▶ [WHAT IS EXPECTED] The records below are to be output exactly, except for their pictures.

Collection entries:

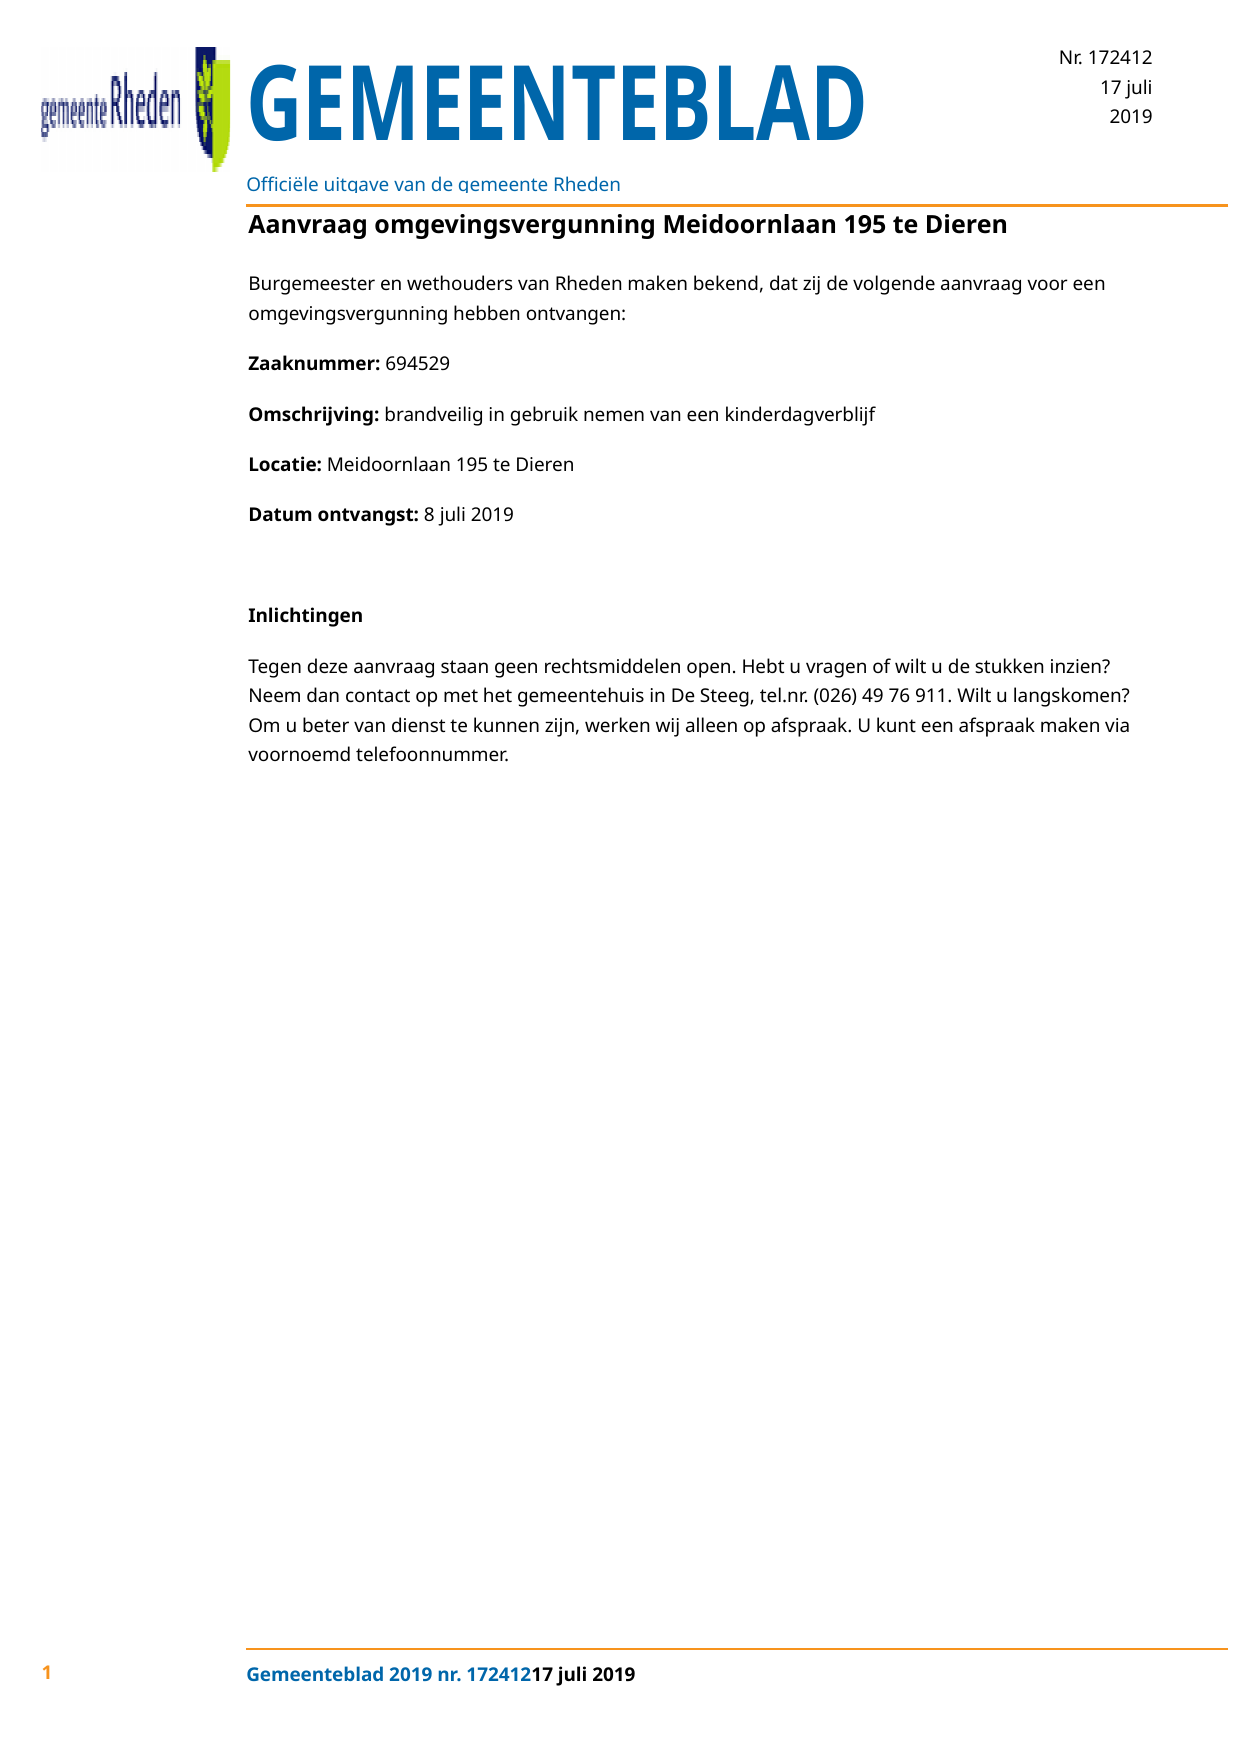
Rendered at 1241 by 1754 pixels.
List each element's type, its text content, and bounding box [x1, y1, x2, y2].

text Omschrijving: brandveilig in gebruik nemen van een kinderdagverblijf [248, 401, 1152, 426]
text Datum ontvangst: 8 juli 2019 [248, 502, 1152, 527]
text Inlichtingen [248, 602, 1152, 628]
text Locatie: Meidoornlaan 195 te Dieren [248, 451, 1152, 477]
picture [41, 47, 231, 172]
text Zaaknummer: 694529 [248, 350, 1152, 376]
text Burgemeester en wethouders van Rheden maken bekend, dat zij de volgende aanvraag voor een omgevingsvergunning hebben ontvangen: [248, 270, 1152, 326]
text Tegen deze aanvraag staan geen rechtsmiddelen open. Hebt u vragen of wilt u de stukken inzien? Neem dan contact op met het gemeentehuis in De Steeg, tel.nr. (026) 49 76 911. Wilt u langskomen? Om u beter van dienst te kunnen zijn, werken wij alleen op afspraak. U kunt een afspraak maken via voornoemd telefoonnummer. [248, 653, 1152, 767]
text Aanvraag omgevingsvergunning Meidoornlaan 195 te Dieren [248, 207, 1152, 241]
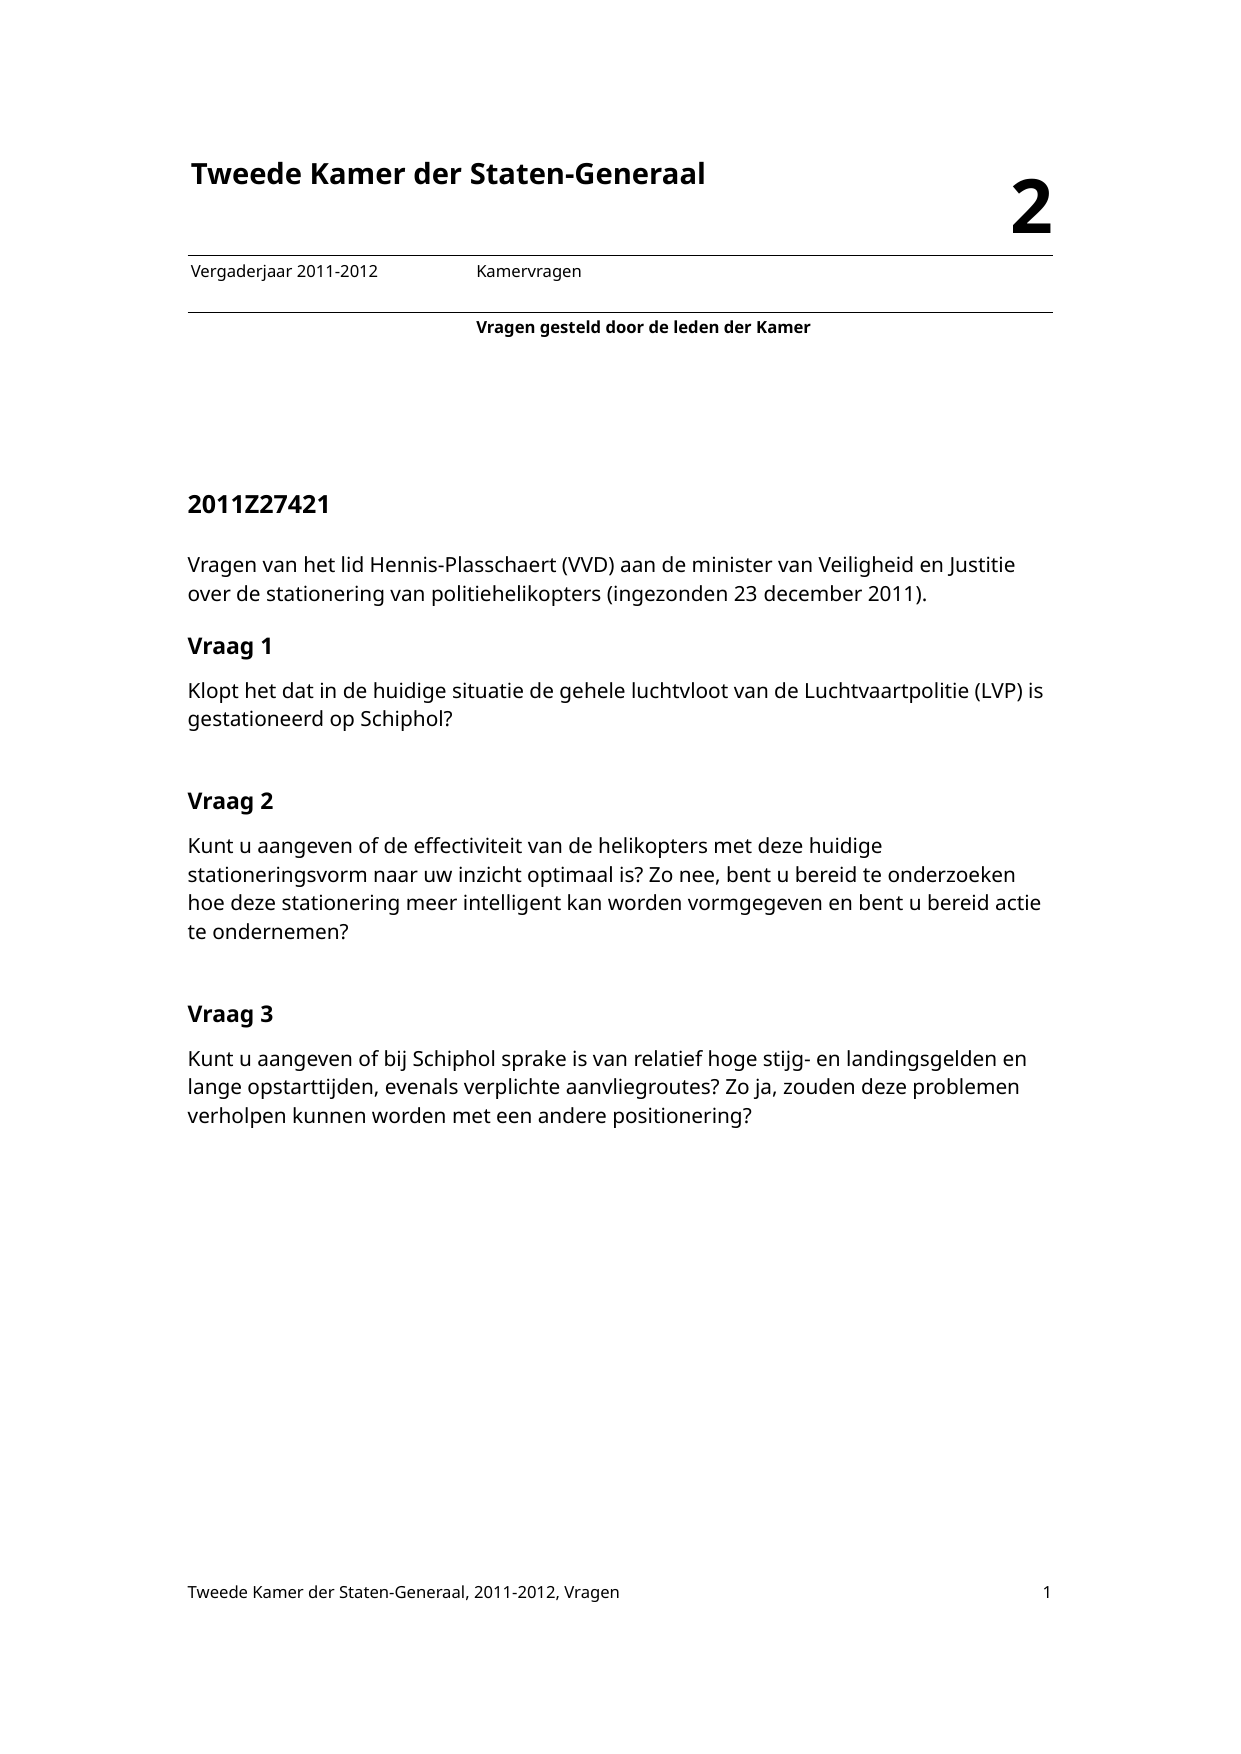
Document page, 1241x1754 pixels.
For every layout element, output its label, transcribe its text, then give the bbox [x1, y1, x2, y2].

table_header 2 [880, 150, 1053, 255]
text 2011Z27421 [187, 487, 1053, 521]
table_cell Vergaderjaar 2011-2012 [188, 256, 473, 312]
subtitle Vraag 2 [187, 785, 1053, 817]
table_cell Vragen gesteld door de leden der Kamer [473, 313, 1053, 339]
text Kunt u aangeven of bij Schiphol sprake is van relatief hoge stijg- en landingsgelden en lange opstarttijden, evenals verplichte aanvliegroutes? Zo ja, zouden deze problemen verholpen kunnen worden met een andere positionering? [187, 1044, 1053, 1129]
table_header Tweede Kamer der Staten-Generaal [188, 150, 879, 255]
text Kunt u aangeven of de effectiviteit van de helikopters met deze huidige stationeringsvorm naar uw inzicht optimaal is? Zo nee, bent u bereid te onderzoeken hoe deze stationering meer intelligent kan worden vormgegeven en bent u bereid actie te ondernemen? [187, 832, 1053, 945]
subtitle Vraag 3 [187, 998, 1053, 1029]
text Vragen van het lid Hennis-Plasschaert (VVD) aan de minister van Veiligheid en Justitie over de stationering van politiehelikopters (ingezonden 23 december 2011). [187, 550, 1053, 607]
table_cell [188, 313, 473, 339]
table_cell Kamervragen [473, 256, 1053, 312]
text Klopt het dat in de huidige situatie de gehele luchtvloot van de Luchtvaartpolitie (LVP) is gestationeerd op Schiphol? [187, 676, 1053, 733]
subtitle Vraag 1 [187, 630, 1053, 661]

▶ [ANSWER SPACE]
Rendered at 1241 by 1754 pixels.
List each element's type, its text content, and bounding box [x1, y1, x2, y2].

text Omschrijving: brandveilig in gebruik nemen van een kinderdagverblijf [248, 401, 1152, 426]
text Datum ontvangst: 8 juli 2019 [248, 502, 1152, 527]
text Inlichtingen [248, 602, 1152, 628]
text Locatie: Meidoornlaan 195 te Dieren [248, 451, 1152, 477]
picture [41, 47, 231, 172]
text Zaaknummer: 694529 [248, 350, 1152, 376]
text Burgemeester en wethouders van Rheden maken bekend, dat zij de volgende aanvraag voor een omgevingsvergunning hebben ontvangen: [248, 270, 1152, 326]
text Tegen deze aanvraag staan geen rechtsmiddelen open. Hebt u vragen of wilt u de stukken inzien? Neem dan contact op met het gemeentehuis in De Steeg, tel.nr. (026) 49 76 911. Wilt u langskomen? Om u beter van dienst te kunnen zijn, werken wij alleen op afspraak. U kunt een afspraak maken via voornoemd telefoonnummer. [248, 653, 1152, 767]
text Aanvraag omgevingsvergunning Meidoornlaan 195 te Dieren [248, 207, 1152, 241]
Document page, 1241x1754 pixels.
For every layout element, output its label, transcribe its text, then give the bbox [x1, y1, x2, y2].

table_header 2 [880, 150, 1053, 255]
text 2011Z27421 [187, 487, 1053, 521]
table_cell Vergaderjaar 2011-2012 [188, 256, 473, 312]
subtitle Vraag 2 [187, 785, 1053, 817]
table_cell Vragen gesteld door de leden der Kamer [473, 313, 1053, 339]
text Kunt u aangeven of bij Schiphol sprake is van relatief hoge stijg- en landingsgelden en lange opstarttijden, evenals verplichte aanvliegroutes? Zo ja, zouden deze problemen verholpen kunnen worden met een andere positionering? [187, 1044, 1053, 1129]
table_header Tweede Kamer der Staten-Generaal [188, 150, 879, 255]
text Kunt u aangeven of de effectiviteit van de helikopters met deze huidige stationeringsvorm naar uw inzicht optimaal is? Zo nee, bent u bereid te onderzoeken hoe deze stationering meer intelligent kan worden vormgegeven en bent u bereid actie te ondernemen? [187, 832, 1053, 945]
subtitle Vraag 3 [187, 998, 1053, 1029]
text Vragen van het lid Hennis-Plasschaert (VVD) aan de minister van Veiligheid en Justitie over de stationering van politiehelikopters (ingezonden 23 december 2011). [187, 550, 1053, 607]
table_cell [188, 313, 473, 339]
table_cell Kamervragen [473, 256, 1053, 312]
text Klopt het dat in de huidige situatie de gehele luchtvloot van de Luchtvaartpolitie (LVP) is gestationeerd op Schiphol? [187, 676, 1053, 733]
subtitle Vraag 1 [187, 630, 1053, 661]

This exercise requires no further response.